H” and during playback, that is, the control signal V
If only 1 is a high signal "H", the system side bus is disconnected, so it is possible to perform system control at the same time.

Next, the specific operation of memory transmission by the facsimile machine will be explained. The image information read by the reading unit 8 is transferred to the system control unit 3, compressed by a compression unit (not shown), and transferred to the image information area 23 of the audio/non-audio shared semiconductor memory 2 via the selection unit 10.
will be written to. At the time of transmission, the image data in the image information area 23 is transferred to the system control unit 3 via the selection unit 10, the compressed image information is reproduced by a reproduction unit (not shown), modulated by the MODEM 7, and transmitted via the NCU 6. Send from line.

[0017]

According to the present invention, high reliability and low power consumption can be achieved by using an audio/non-audio shared semiconductor memory as the shared memory.
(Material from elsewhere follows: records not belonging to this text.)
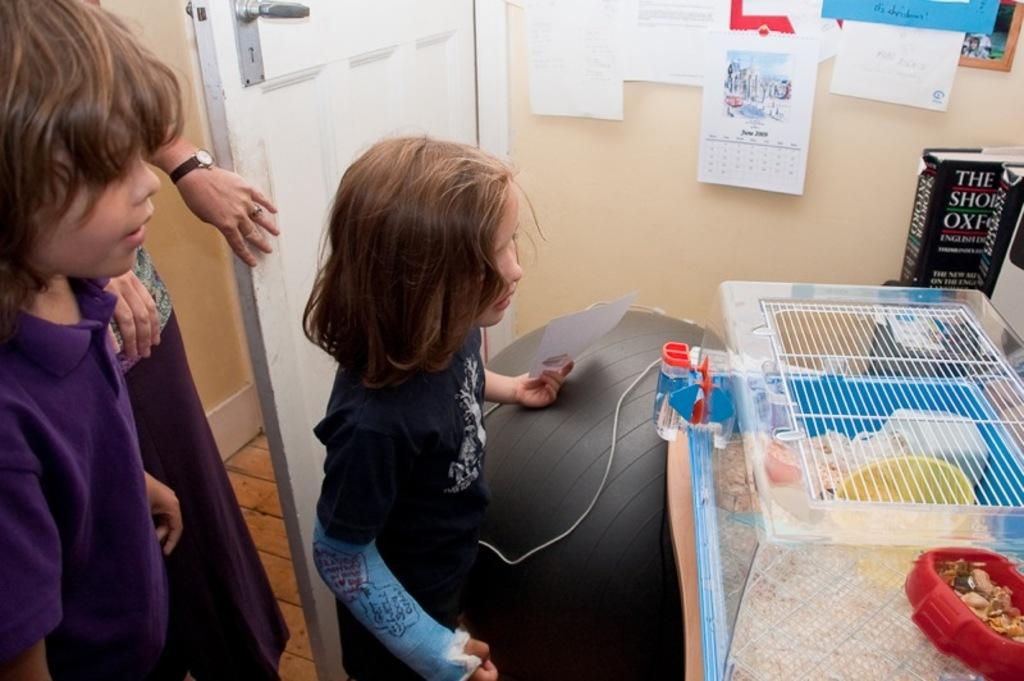<image>
Provide a brief description of the given image. two children looking at a hamster cage in the month of june 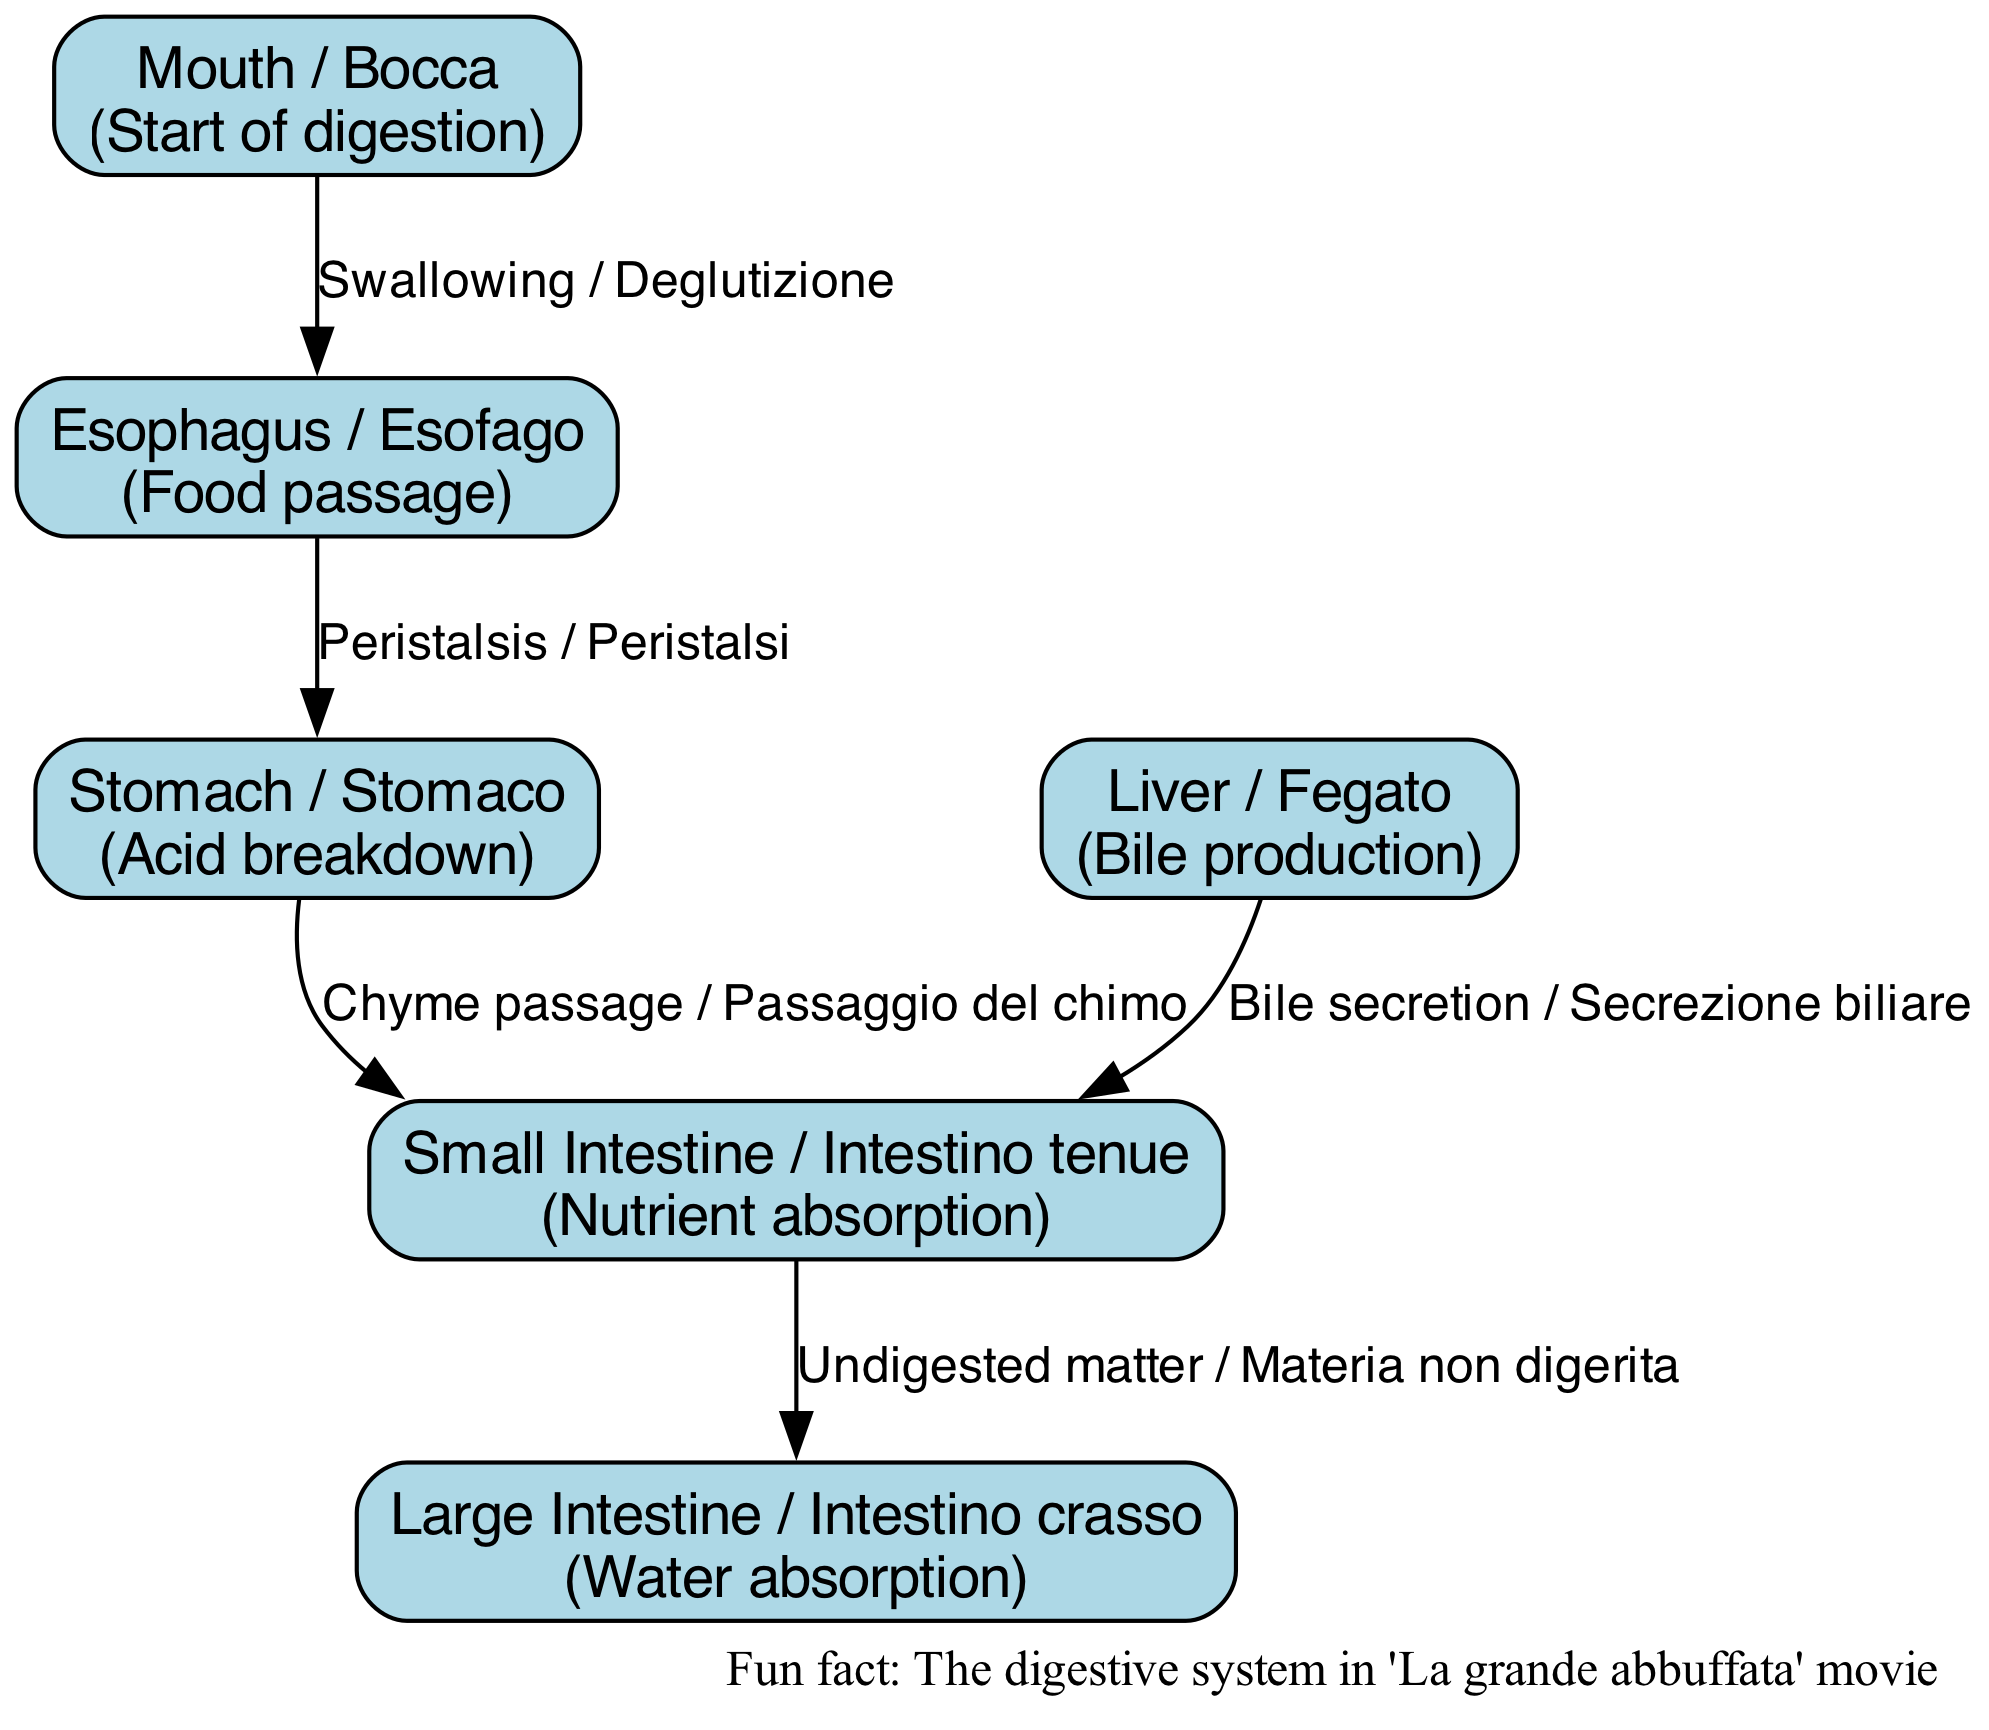What is the starting point of digestion? The diagram indicates that digestion begins at the "Mouth / Bocca". This is specifically labeled in the diagram as the first major organ involved in the digestive process.
Answer: Mouth / Bocca What is produced by the liver? According to the diagram, the liver is labeled with the description "Bile production", which specifically states its function.
Answer: Bile How many major organs are illustrated in the diagram? By counting the nodes listed in the diagram, there are six major organs depicted: mouth, esophagus, stomach, small intestine, large intestine, and liver. This is a straightforward count of the nodes representing major components of the digestive system.
Answer: 6 What process occurs between the mouth and the esophagus? The diagram describes the relationship between the mouth and the esophagus with the label "Swallowing / Deglutizione". This indicates what action takes place to transfer food from one section to the other.
Answer: Swallowing / Deglutizione What is the role of the small intestine in digestion? The diagram states that the small intestine is responsible for "Nutrient absorption", conveying its primary function in the digestive system. This is highlighted clearly in the description associated with the small intestine.
Answer: Nutrient absorption What kind of matter passes from the small intestine to the large intestine? The relationship labeled between the small intestine and large intestine indicates "Undigested matter / Materia non digerita", specifying what type of matter is transferred at this stage of digestion.
Answer: Undigested matter / Materia non digerita What action facilitates food movement from the esophagus to the stomach? The directed edge in the diagram explains that "Peristalsis / Peristalsi" is the action that moves food from the esophagus to the stomach. This term specifically refers to the wave-like muscle contractions involved in digestion.
Answer: Peristalsis / Peristalsi Which organ secretes bile into the small intestine? The diagram clearly shows that the liver is the source of bile, which is indicated by the labeled edge "Bile secretion / Secrezione biliare" connecting the liver to the small intestine. This explains the flow of bile produced by the liver into the digestive tract.
Answer: Liver / Fegato What is absorbed by the large intestine? The diagram states that the large intestine is responsible for "Water absorption", detailing its role in the digestive system after nutrients have been absorbed in the small intestine.
Answer: Water absorption

Further, since the system bus and the audio bus are separated by the data transfer path selection means, audio processing and system control can be performed simultaneously.

[Brief explanation of drawings]

FIG. 1 is a configuration diagram of an embodiment of an audio image processing device of the present invention.

FIG. 2 is a configuration diagram of a selection section of the same as above.

[Explanation of symbols]

1 Audio processing section 2 Audio/non-audio shared semiconductor memory 3 System control section 4 ROM 5 RAM 10 Selection section 110 Tri-state buffer

Claims (3)

[Claims] 1. Audio processing means for converting between analog audio data and digital audio data; shared semiconductor memory for storing digital audio data and image data; control means for controlling the operation of the system; An audio image processing device comprising: data transfer path selection means that connects a shared semiconductor memory to the audio processing means when processing audio data and to the control means when processing image data. 2. A read-only memory that stores a system control program and voice data for fixed messages; and a read-only memory that stores various parameter data for system control and voice data for variable messages; 2. The audio image processing device according to claim 1, wherein when recording and reproducing audio data in a memory or a read/write memory, recording and reproducing is performed via a shared semiconductor memory. 3. When reproducing audio data in the read-only memory and read-only memory, the data transfer path selection means connects the control means to the shared semiconductor memory, stores the audio data in the shared semiconductor memory, and then, When the data transfer path selection means makes a connection from the shared semiconductor memory to the audio processing means, converts the audio data into an analog signal and outputs it, and records the audio data in the reading/reading memory, the data transfer path selection means connects the shared semiconductor memory to the audio processing means. A connection is made in the direction of the shared semiconductor memory, the audio data digitized by the audio processing means is stored in the shared semiconductor memory, and then a connection is made from the shared semiconductor memory in the direction of the control means by the data transfer path selection means, and the data is transferred to the shared semiconductor memory. An audio image processing method characterized by storing digital audio data stored in a read/write memory.